====== Material provided ======

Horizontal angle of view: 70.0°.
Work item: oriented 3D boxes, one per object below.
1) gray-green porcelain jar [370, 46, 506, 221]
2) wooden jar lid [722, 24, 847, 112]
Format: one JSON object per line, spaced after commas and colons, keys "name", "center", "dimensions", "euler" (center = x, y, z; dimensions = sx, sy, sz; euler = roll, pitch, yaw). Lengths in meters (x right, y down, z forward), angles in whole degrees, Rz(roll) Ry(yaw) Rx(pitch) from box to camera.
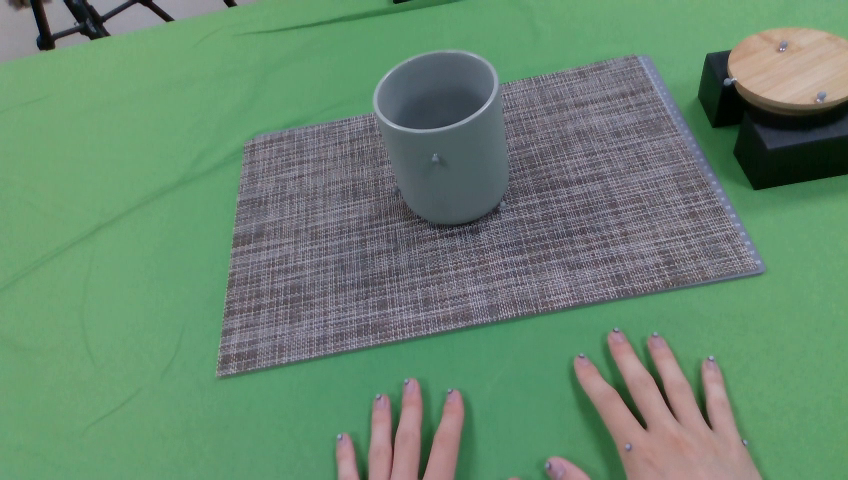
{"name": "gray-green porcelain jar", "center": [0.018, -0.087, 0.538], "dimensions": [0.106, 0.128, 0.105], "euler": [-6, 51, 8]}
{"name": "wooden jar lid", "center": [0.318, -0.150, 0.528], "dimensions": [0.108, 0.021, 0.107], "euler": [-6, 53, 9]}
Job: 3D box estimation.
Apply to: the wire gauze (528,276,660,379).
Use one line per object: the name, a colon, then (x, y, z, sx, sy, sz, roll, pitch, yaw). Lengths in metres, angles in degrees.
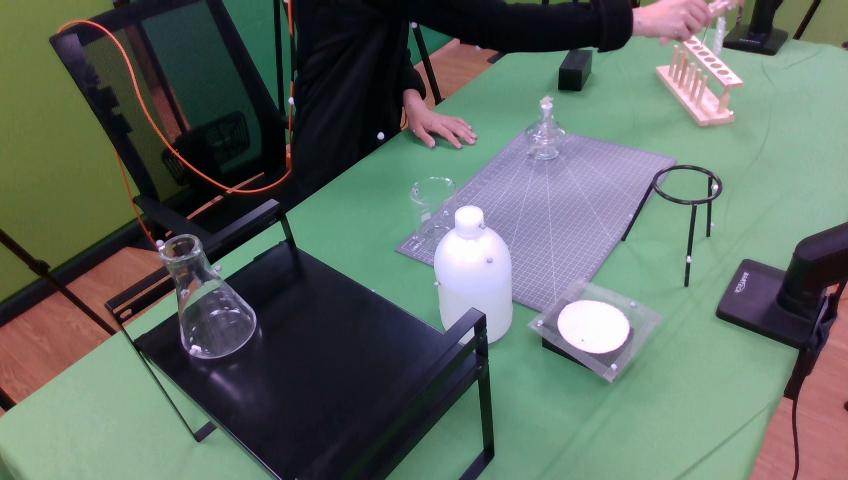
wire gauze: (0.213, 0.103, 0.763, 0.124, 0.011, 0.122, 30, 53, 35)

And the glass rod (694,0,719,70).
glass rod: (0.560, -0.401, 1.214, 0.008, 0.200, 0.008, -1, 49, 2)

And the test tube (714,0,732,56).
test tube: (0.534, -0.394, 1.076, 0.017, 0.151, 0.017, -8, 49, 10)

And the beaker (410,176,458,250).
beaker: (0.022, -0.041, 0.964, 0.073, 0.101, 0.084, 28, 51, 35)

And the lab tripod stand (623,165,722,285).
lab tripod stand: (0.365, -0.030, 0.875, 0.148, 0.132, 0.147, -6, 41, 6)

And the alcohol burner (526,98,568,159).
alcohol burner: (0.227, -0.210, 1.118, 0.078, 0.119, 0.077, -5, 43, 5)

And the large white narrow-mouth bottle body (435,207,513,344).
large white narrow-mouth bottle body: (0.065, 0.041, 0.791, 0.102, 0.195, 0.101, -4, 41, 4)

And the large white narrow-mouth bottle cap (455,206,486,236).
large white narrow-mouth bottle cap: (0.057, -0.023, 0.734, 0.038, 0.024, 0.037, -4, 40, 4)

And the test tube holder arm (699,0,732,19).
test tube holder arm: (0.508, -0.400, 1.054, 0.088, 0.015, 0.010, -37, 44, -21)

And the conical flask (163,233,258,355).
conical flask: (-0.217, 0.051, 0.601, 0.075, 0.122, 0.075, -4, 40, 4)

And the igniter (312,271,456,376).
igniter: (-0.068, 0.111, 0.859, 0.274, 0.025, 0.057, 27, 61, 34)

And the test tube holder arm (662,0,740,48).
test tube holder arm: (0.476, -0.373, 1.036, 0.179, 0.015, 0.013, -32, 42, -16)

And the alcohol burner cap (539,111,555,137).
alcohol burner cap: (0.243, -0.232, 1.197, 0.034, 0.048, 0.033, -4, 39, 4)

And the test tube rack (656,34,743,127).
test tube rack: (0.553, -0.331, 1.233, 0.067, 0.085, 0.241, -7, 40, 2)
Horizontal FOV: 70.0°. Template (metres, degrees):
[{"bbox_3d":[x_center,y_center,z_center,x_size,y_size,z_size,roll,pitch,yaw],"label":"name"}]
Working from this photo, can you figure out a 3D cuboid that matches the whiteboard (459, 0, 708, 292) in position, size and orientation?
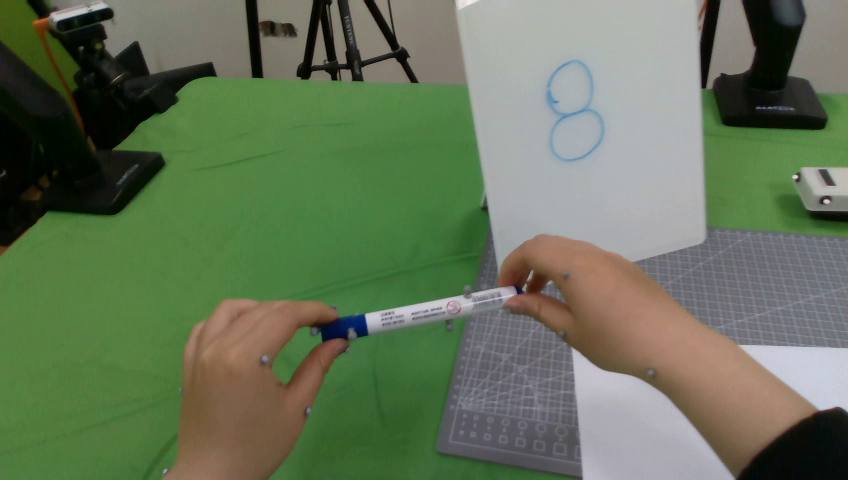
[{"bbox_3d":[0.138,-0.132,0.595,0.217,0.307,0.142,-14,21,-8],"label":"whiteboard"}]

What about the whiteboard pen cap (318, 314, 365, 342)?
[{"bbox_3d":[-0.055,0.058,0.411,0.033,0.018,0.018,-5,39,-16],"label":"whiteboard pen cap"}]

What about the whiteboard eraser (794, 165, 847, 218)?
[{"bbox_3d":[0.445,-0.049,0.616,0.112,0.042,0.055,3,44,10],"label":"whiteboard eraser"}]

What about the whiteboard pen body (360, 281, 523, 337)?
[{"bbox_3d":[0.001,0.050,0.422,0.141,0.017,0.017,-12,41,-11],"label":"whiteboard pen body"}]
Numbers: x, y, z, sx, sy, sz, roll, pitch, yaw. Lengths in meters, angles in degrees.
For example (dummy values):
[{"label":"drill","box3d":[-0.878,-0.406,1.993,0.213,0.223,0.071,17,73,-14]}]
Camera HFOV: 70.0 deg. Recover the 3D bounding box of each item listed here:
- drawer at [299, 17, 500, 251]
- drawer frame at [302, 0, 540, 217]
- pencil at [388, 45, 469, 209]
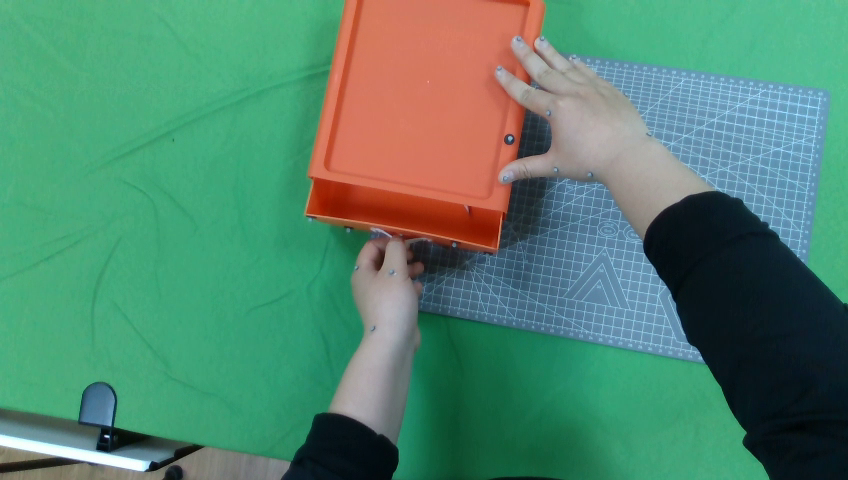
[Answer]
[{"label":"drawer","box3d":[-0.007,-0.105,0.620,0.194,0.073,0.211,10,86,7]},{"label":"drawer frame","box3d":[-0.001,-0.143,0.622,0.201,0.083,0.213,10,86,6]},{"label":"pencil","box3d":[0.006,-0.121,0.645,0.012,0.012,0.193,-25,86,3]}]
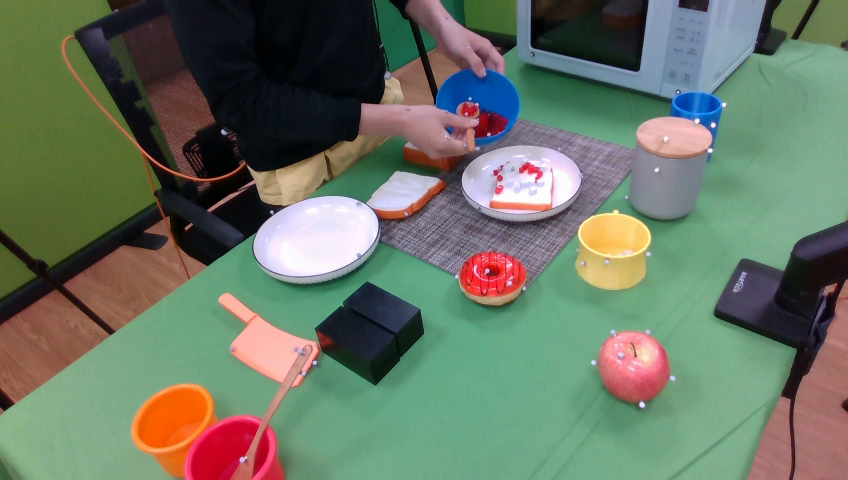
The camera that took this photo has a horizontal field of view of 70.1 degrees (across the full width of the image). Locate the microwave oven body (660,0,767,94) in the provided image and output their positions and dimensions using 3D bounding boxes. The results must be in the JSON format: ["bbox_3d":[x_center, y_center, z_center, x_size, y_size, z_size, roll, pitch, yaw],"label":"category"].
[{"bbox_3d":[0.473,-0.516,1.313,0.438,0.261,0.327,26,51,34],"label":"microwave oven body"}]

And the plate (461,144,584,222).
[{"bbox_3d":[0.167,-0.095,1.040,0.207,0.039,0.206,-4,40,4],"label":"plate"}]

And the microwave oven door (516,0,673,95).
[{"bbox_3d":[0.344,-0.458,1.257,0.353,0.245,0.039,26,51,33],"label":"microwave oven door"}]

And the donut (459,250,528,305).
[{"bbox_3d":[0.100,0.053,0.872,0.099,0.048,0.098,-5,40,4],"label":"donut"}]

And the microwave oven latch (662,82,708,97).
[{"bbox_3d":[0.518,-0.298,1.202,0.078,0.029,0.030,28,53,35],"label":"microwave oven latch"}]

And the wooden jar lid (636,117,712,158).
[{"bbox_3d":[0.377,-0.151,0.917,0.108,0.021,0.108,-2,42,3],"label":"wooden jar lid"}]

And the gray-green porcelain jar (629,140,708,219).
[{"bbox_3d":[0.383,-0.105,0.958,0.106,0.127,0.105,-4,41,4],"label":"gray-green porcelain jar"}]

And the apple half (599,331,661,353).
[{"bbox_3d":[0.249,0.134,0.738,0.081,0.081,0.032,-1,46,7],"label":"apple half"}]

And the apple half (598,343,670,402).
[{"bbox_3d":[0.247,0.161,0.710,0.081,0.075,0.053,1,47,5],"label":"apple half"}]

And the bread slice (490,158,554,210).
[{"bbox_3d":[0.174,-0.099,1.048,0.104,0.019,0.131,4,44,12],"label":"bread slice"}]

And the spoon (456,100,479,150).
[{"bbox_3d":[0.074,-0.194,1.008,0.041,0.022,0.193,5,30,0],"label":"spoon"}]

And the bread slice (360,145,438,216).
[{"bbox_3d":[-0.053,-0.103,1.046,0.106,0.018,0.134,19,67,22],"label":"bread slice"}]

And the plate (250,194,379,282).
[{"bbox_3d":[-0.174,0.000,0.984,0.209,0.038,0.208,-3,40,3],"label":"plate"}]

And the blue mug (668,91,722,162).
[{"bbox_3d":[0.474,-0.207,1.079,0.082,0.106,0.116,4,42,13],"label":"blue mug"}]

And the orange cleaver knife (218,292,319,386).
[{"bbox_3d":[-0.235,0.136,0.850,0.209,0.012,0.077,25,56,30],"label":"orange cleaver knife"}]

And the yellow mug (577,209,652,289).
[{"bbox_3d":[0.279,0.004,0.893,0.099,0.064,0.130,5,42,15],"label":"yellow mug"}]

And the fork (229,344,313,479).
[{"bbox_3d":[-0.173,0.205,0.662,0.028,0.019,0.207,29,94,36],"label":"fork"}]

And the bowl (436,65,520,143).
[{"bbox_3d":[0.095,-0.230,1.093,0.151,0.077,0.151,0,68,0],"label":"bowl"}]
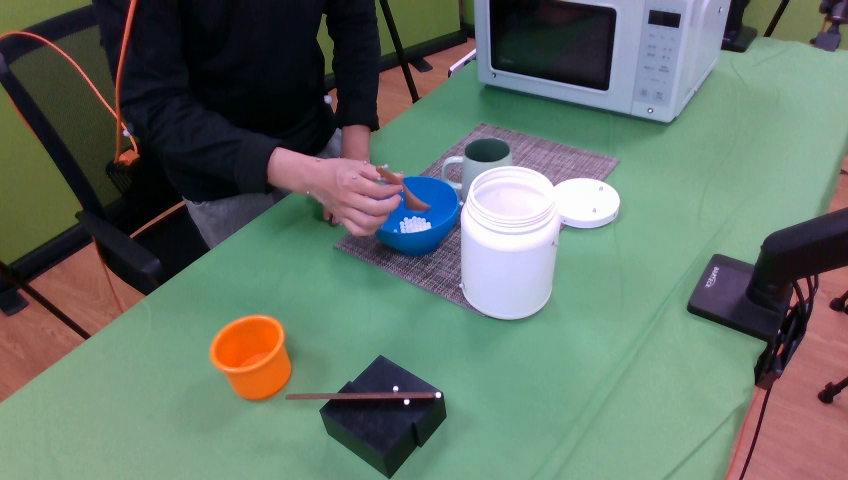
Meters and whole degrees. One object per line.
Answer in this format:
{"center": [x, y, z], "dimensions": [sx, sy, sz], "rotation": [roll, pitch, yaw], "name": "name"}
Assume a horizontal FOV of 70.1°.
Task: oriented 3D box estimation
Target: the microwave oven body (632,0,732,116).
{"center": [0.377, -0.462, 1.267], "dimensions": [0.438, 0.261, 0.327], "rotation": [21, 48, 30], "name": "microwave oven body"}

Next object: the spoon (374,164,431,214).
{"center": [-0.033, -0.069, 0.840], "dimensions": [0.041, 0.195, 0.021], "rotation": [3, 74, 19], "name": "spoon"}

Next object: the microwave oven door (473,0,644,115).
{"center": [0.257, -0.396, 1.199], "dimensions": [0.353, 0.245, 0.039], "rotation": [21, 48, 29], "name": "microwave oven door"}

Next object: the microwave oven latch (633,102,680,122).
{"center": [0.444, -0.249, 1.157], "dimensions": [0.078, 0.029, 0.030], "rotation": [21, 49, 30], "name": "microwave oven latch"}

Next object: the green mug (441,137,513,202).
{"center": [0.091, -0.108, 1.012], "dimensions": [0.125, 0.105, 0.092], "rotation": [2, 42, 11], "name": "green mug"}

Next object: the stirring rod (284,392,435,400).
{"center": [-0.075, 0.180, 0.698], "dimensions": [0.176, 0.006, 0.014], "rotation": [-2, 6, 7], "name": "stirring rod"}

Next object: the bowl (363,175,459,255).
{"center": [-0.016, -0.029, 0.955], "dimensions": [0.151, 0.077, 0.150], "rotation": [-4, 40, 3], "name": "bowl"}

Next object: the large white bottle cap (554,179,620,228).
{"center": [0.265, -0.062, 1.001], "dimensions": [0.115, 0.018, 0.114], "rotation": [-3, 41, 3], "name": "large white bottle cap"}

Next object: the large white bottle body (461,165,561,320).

======

## Aim of the task
The answer should consist only of the number of lines above in which "oriented" appears.

## Your solution
2